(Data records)
|---|
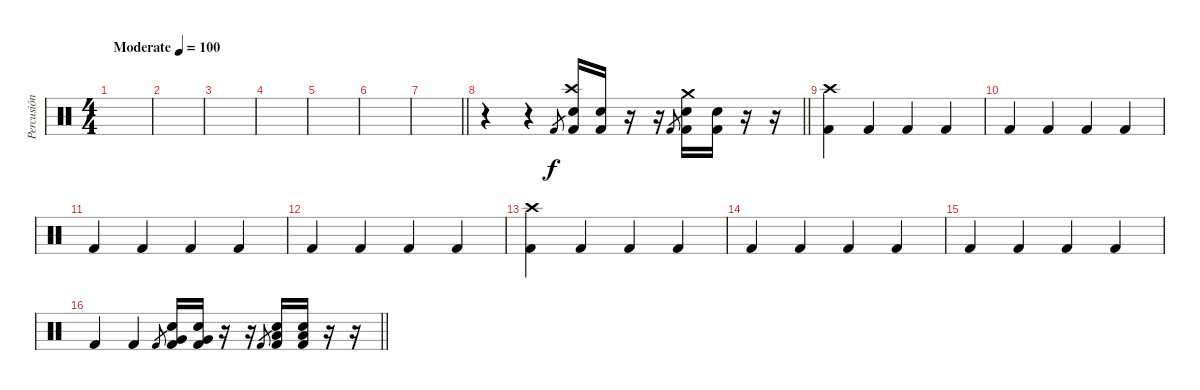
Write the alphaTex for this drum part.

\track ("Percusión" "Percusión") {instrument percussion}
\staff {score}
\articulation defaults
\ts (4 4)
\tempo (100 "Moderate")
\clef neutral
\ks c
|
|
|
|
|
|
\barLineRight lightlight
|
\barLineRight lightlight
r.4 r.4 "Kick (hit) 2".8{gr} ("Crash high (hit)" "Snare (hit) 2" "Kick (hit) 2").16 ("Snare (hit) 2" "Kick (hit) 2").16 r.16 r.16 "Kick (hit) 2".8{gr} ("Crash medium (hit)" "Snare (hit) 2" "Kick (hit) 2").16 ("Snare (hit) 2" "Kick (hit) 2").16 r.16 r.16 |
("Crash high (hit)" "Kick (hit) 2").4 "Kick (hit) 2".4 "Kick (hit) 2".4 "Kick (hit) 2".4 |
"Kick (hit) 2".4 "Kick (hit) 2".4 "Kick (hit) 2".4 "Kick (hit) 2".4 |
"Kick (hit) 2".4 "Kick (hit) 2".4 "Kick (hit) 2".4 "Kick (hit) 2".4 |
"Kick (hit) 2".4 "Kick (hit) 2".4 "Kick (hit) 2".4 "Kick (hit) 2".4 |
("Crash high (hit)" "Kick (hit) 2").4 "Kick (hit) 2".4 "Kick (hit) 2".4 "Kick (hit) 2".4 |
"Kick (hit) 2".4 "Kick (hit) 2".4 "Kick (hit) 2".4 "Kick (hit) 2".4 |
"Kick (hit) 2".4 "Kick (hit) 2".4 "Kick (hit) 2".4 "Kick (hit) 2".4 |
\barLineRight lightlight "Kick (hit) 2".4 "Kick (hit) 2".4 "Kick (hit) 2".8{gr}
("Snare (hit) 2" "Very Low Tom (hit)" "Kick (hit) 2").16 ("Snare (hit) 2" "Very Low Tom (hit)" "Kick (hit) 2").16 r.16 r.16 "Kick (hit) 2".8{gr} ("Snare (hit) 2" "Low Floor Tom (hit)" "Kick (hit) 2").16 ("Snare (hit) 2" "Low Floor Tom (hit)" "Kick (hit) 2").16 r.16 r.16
|---|
Task item:
Print each entry above verbatim, pictures left out.

Solution:
Write the alphaTex for this drum part.

\track ("Percusión" "Percusión") {instrument percussion}
\staff {score}
\articulation defaults
\ts (4 4)
\tempo (100 "Moderate")
\clef neutral
\ks c
|
|
|
|
|
|
\barLineRight lightlight
|
\barLineRight lightlight
r.4 r.4 "Kick (hit) 2".8{gr} ("Crash high (hit)" "Snare (hit) 2" "Kick (hit) 2").16 ("Snare (hit) 2" "Kick (hit) 2").16 r.16 r.16 "Kick (hit) 2".8{gr} ("Crash medium (hit)" "Snare (hit) 2" "Kick (hit) 2").16 ("Snare (hit) 2" "Kick (hit) 2").16 r.16 r.16 |
("Crash high (hit)" "Kick (hit) 2").4 "Kick (hit) 2".4 "Kick (hit) 2".4 "Kick (hit) 2".4 |
"Kick (hit) 2".4 "Kick (hit) 2".4 "Kick (hit) 2".4 "Kick (hit) 2".4 |
"Kick (hit) 2".4 "Kick (hit) 2".4 "Kick (hit) 2".4 "Kick (hit) 2".4 |
"Kick (hit) 2".4 "Kick (hit) 2".4 "Kick (hit) 2".4 "Kick (hit) 2".4 |
("Crash high (hit)" "Kick (hit) 2").4 "Kick (hit) 2".4 "Kick (hit) 2".4 "Kick (hit) 2".4 |
"Kick (hit) 2".4 "Kick (hit) 2".4 "Kick (hit) 2".4 "Kick (hit) 2".4 |
"Kick (hit) 2".4 "Kick (hit) 2".4 "Kick (hit) 2".4 "Kick (hit) 2".4 |
\barLineRight lightlight "Kick (hit) 2".4 "Kick (hit) 2".4 "Kick (hit) 2".8{gr}
("Snare (hit) 2" "Very Low Tom (hit)" "Kick (hit) 2").16 ("Snare (hit) 2" "Very Low Tom (hit)" "Kick (hit) 2").16 r.16 r.16 "Kick (hit) 2".8{gr} ("Snare (hit) 2" "Low Floor Tom (hit)" "Kick (hit) 2").16 ("Snare (hit) 2" "Low Floor Tom (hit)" "Kick (hit) 2").16 r.16 r.16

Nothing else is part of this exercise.